Scientists have discovered a giant spider web spanning about half the size of a tennis court and with some 1,11,000 spiders in a cave on the border between Greece and Albania.
The web in the ‘Sulfur Cave’ in the Vromoner Gorge covers some 106 square metres, according to the study in the publication Subterranean Biology.
In it are some 69,000 domestic house spiders (Tegenaria domestica), in addition to over 42,000 of Prinerigone vagans dwarf weavers (Linyphiidae), the study said.

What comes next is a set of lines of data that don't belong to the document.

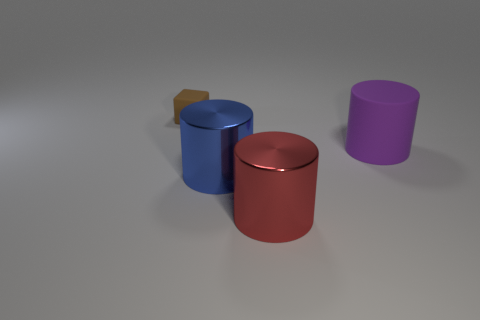Subtract all red shiny cylinders. How many cylinders are left? 2 Subtract all blue cylinders. How many cylinders are left? 2 Add 4 cyan rubber cylinders. How many objects exist? 8 Add 1 big things. How many big things are left? 4 Add 1 red matte cubes. How many red matte cubes exist? 1 Subtract 0 gray blocks. How many objects are left? 4 Subtract all cubes. How many objects are left? 3 Subtract all green cylinders. Subtract all gray cubes. How many cylinders are left? 3 Subtract all yellow balls. How many gray blocks are left? 0 Subtract all big blue cylinders. Subtract all big metallic objects. How many objects are left? 1 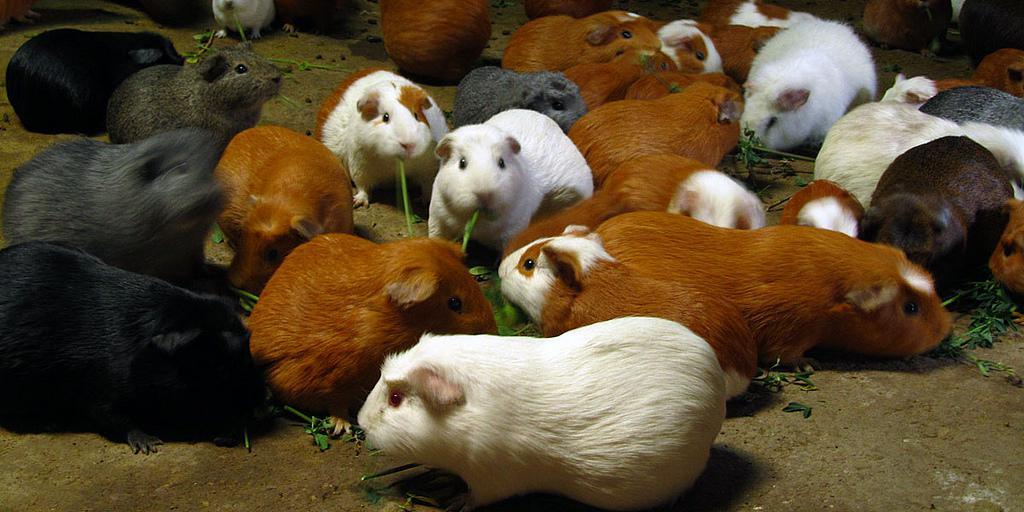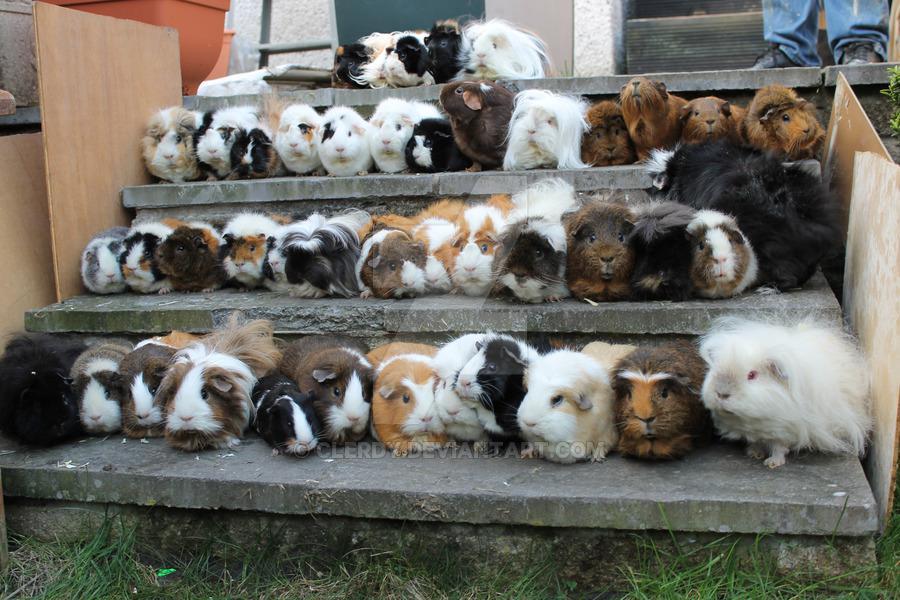The first image is the image on the left, the second image is the image on the right. Assess this claim about the two images: "There are no more than five animals in one of the images". Correct or not? Answer yes or no. No. The first image is the image on the left, the second image is the image on the right. For the images displayed, is the sentence "An image shows a horizontal row of no more than five hamsters." factually correct? Answer yes or no. No. 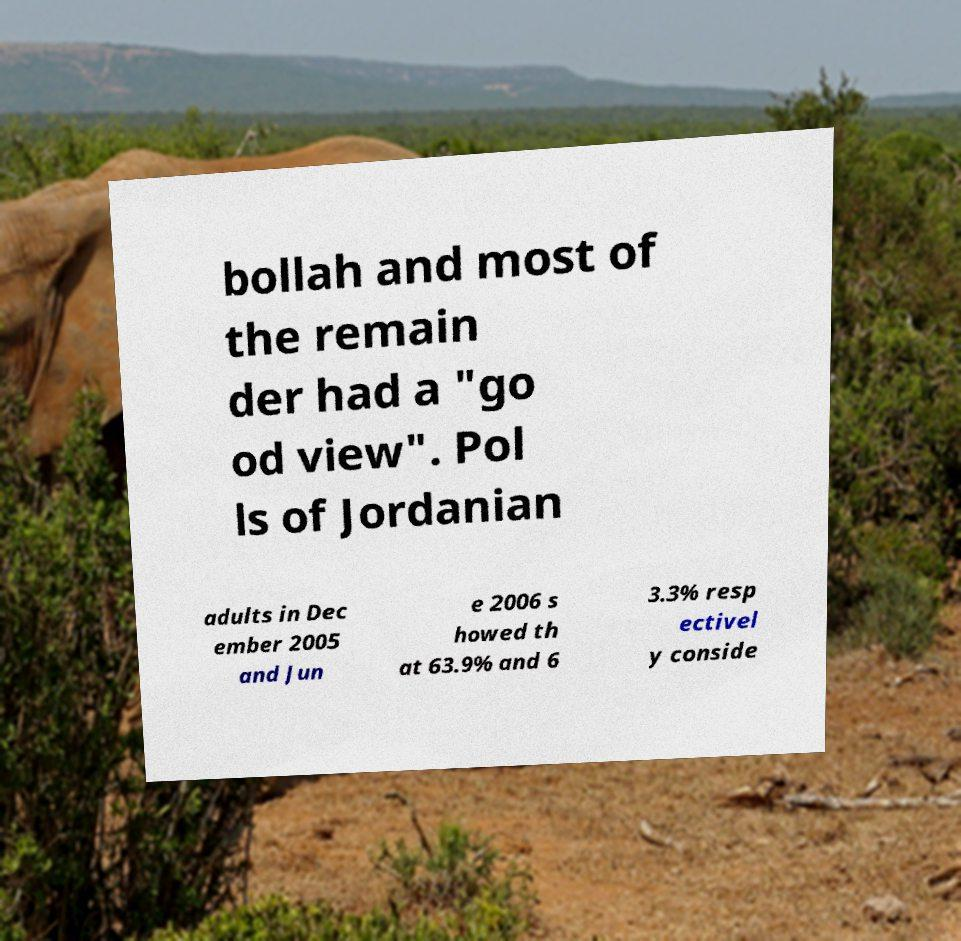I need the written content from this picture converted into text. Can you do that? bollah and most of the remain der had a "go od view". Pol ls of Jordanian adults in Dec ember 2005 and Jun e 2006 s howed th at 63.9% and 6 3.3% resp ectivel y conside 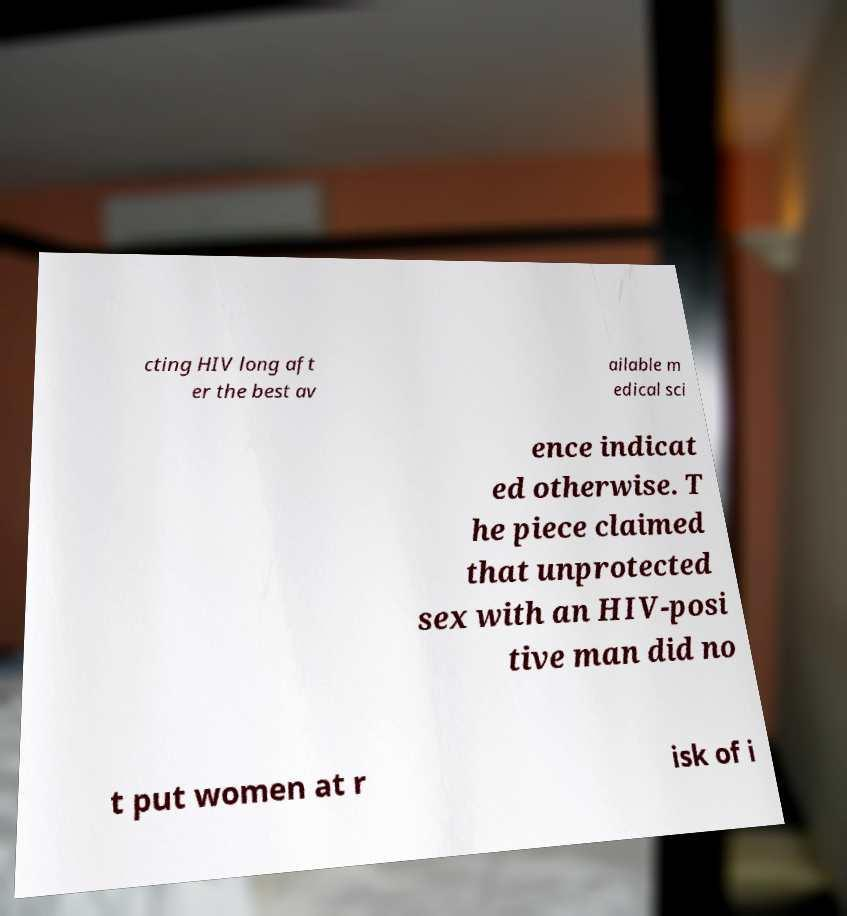Could you extract and type out the text from this image? cting HIV long aft er the best av ailable m edical sci ence indicat ed otherwise. T he piece claimed that unprotected sex with an HIV-posi tive man did no t put women at r isk of i

The researchers from universities and natural history museums in Albania, Romania, Belgium, Germany and Italy called the discovery ‘the first documented case of colonial web formation’ of two species that are normally solitary.
Based on its spatial distribution and dimensions, species composition and population density, in addition to the food resources, the spider colony is unique and remarkable, they said.
This is ‘the first documented case of colonial web formation in these species’, the experts said, adding that the structure is formed ‘of numerous individual funnel-shaped webs’.
The cave, so called because of its abundance of the chemical, completely straddles the border — its entrance is in Greece, while the deepest sections are under Albanian soil.
Springs located in the deep recesses of the cave feed a sulfidic stream which flows through the entire length of the main cave passage, the study said.
The spiders share the cave with numerous other insects, including centipedes, scorpions and beetles.
The discovery was first reported by members of the Czech Speleological Society, the study said.